#### [Aim of the task]
Your answer should hold each line of the material that contains the word "melody".

#### [Supplied material]
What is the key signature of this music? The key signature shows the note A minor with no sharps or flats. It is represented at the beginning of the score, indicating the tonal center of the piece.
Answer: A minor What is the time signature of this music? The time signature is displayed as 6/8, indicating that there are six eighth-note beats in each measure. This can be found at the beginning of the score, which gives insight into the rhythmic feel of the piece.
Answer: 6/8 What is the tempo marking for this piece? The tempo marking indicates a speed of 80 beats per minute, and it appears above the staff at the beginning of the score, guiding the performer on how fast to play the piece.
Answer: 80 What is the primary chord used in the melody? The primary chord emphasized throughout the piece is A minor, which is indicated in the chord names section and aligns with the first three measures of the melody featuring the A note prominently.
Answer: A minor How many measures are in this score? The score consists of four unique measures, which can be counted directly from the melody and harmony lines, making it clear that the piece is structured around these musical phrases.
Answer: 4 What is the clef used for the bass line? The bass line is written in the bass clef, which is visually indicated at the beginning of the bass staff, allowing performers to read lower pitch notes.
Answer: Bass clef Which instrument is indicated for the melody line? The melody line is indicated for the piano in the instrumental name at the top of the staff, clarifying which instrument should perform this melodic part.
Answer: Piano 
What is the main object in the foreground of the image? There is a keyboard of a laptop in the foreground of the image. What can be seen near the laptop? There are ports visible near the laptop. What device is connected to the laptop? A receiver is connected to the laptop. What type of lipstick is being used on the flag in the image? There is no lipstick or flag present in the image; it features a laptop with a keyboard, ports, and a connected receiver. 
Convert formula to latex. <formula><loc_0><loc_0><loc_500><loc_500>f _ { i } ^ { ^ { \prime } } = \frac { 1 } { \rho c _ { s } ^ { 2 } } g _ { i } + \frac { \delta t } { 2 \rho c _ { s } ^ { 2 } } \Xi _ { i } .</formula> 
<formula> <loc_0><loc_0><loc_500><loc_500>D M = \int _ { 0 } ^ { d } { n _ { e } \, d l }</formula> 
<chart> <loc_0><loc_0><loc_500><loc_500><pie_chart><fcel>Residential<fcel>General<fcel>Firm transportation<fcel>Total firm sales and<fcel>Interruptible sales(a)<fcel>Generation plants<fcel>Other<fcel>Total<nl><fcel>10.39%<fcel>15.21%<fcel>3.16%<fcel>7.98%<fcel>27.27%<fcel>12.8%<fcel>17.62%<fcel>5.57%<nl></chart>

#### [Final answer]
Answer: 80 What is the primary chord used in the melody? The primary chord emphasized throughout the piece is A minor, which is indicated in the chord names section and aligns with the first three measures of the melody featuring the A note prominently.
Answer: A minor How many measures are in this score? The score consists of four unique measures, which can be counted directly from the melody and harmony lines, making it clear that the piece is structured around these musical phrases.
Answer: Bass clef Which instrument is indicated for the melody line? The melody line is indicated for the piano in the instrumental name at the top of the staff, clarifying which instrument should perform this melodic part.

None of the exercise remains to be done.